* Your assignment:
Reproduce the listing in its entirety. Do not reproduce the pictures.

START Data section

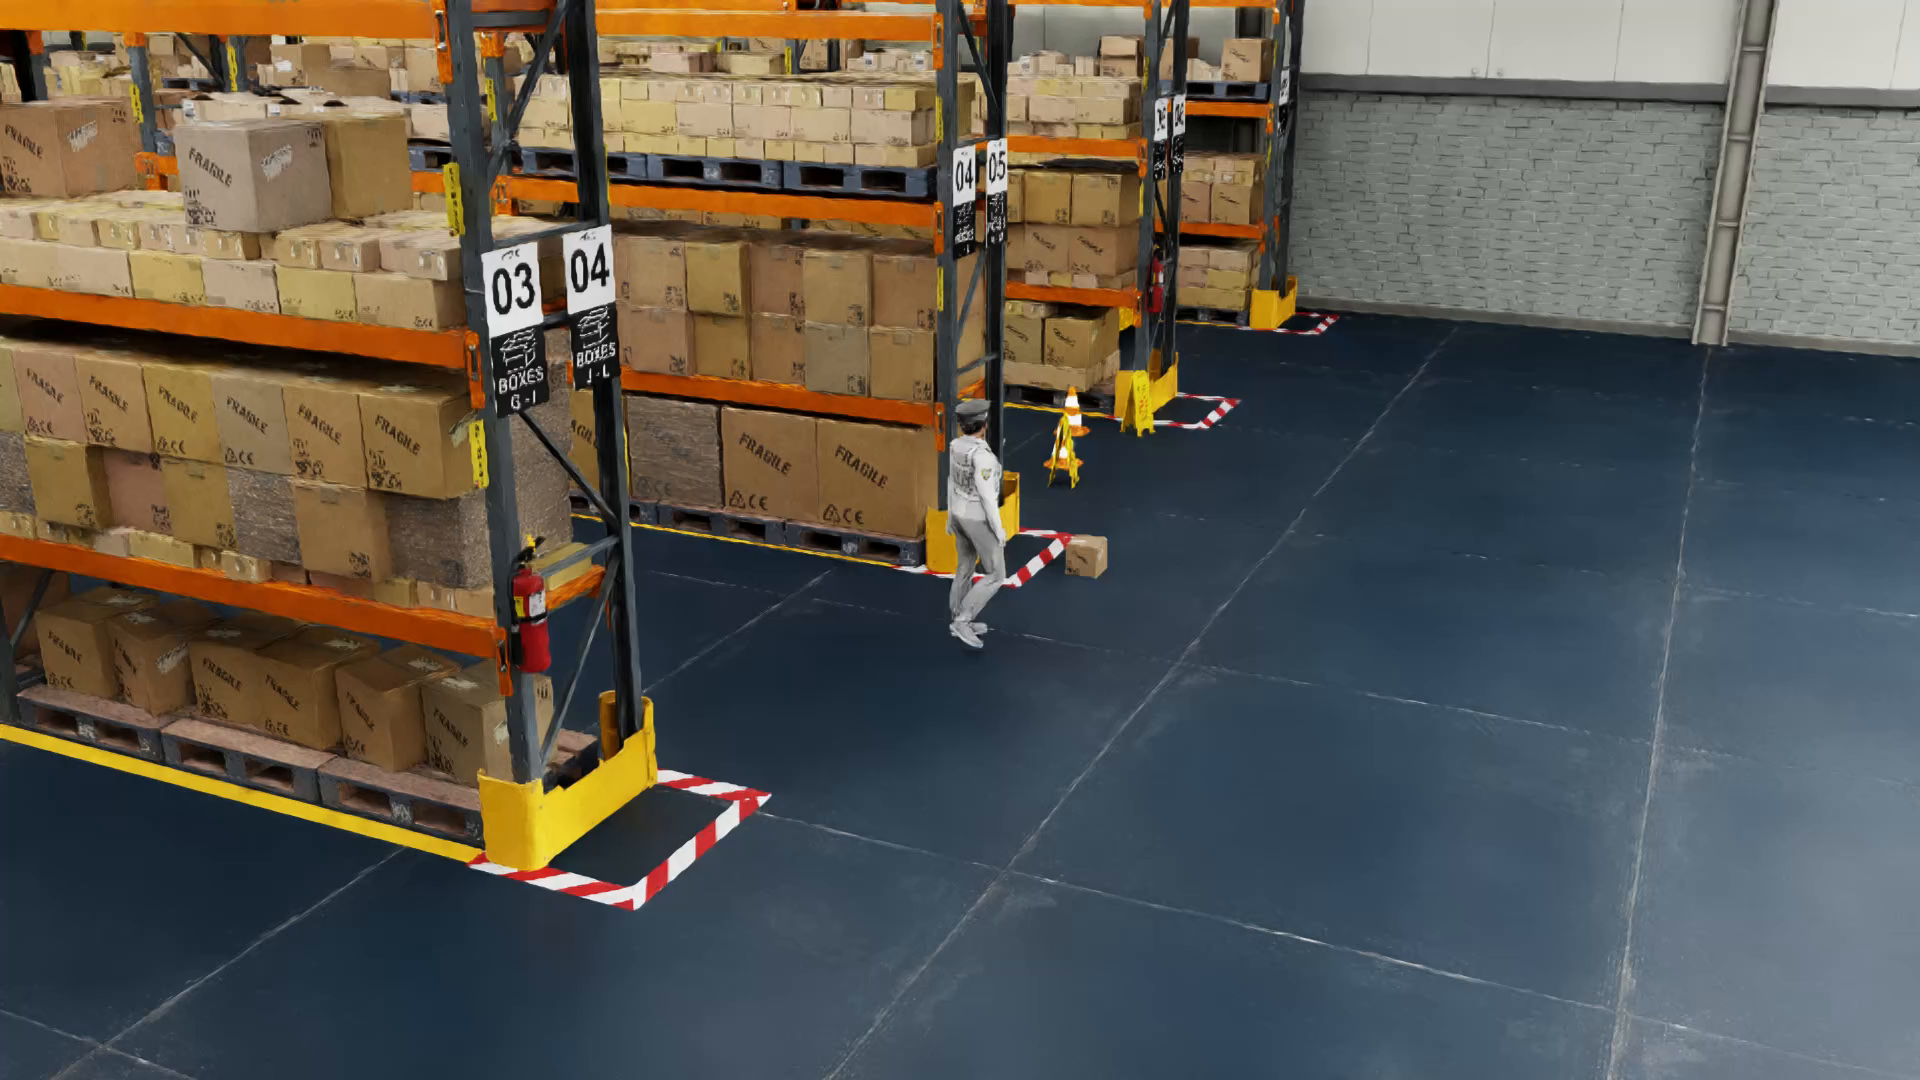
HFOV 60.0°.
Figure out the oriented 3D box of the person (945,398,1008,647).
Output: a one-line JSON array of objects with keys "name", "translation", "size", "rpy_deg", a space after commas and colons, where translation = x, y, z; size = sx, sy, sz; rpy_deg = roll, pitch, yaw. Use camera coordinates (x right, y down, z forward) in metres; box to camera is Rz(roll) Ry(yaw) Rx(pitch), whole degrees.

END Data section

* Task solution:
HFOV 60.0°.
Figure out the oriented 3D box of the person (945,398,1008,647).
Output: a one-line JSON array of objects with keys "name", "translation", "size", "rpy_deg", a space after commas and colons, where translation = x, y, z; size = sx, sy, sz; rpy_deg = roll, pitch, yaw. Use camera coordinates (x right, y down, z forward) in metres; box to camera is Rz(roll) Ry(yaw) Rx(pitch), whole degrees.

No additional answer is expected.